Quantum N-toroidal algebras and extended quantized GIM algebras of N-fold affinization
Yun Gao, Naihuan Jing, Limeng Xia, Honglian Zhang
TL;DR
The paper introduces quantum $N$-toridal algebras $U_q(\mathfrak{g}_{N,tor})$ as a uniform Drinfeld-type quantum $N$-affinization, and relates them to extended quantized GIM algebras of $N$-fold affinization via explicit quotient constructions. It defines a simplified presentation $\mathcal{U}_0(\mathfrak{g}_{N,tor})$ and shows it is isomorphic to $U_q(\mathcal{L}(M))/K$, yielding a systematic bridge to GIM algebras and their Serre relations; for $N=2$ this yields type-dependent (quotient) isomorphisms with the known quantum toroidal algebras, while for $N>2$ the quotient $\overline{U}_q(\mathfrak{g}_{N,tor})$ aligns with $\mathcal{U}_0(\mathfrak{g}_{N,tor})/H_2$. The authors construct vertex representations in the simply-laced case and provide an explicit level-one realization on a Fock space, thereby establishing nontrivial representations and potential categorification avenues. A detailed appendix supplies Dynkin diagrams for $N=2,3$, clarifying the GIM structures.
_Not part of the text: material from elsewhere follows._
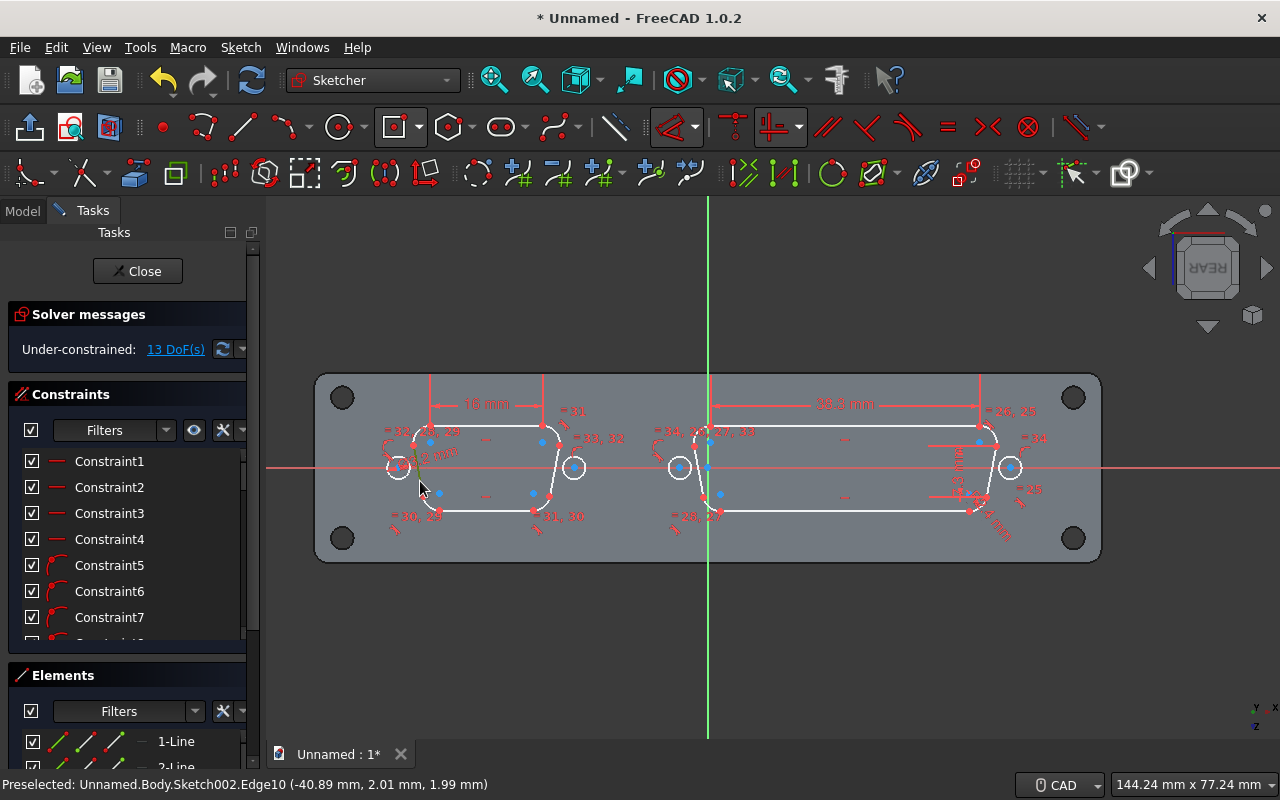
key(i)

Overall, the work extends the landscape of quantum toroidal-type algebras and clarifies their relation to extended GIM algebras, enabling new representation-theoretic and geometric connections.
Abstract
We introduce the notion of quantum $N$-toroidal algebras as natural generalization of the quantum toroidal algebras as well as extended quantized GIM algebras of $N$-fold affinization. We show that the quantum $N$-toroidal algebras are quotients of the extended quantized GIM algebras of $N$-fold affinization, which generalizes a well-known result of Berman and Moody for Lie algebras.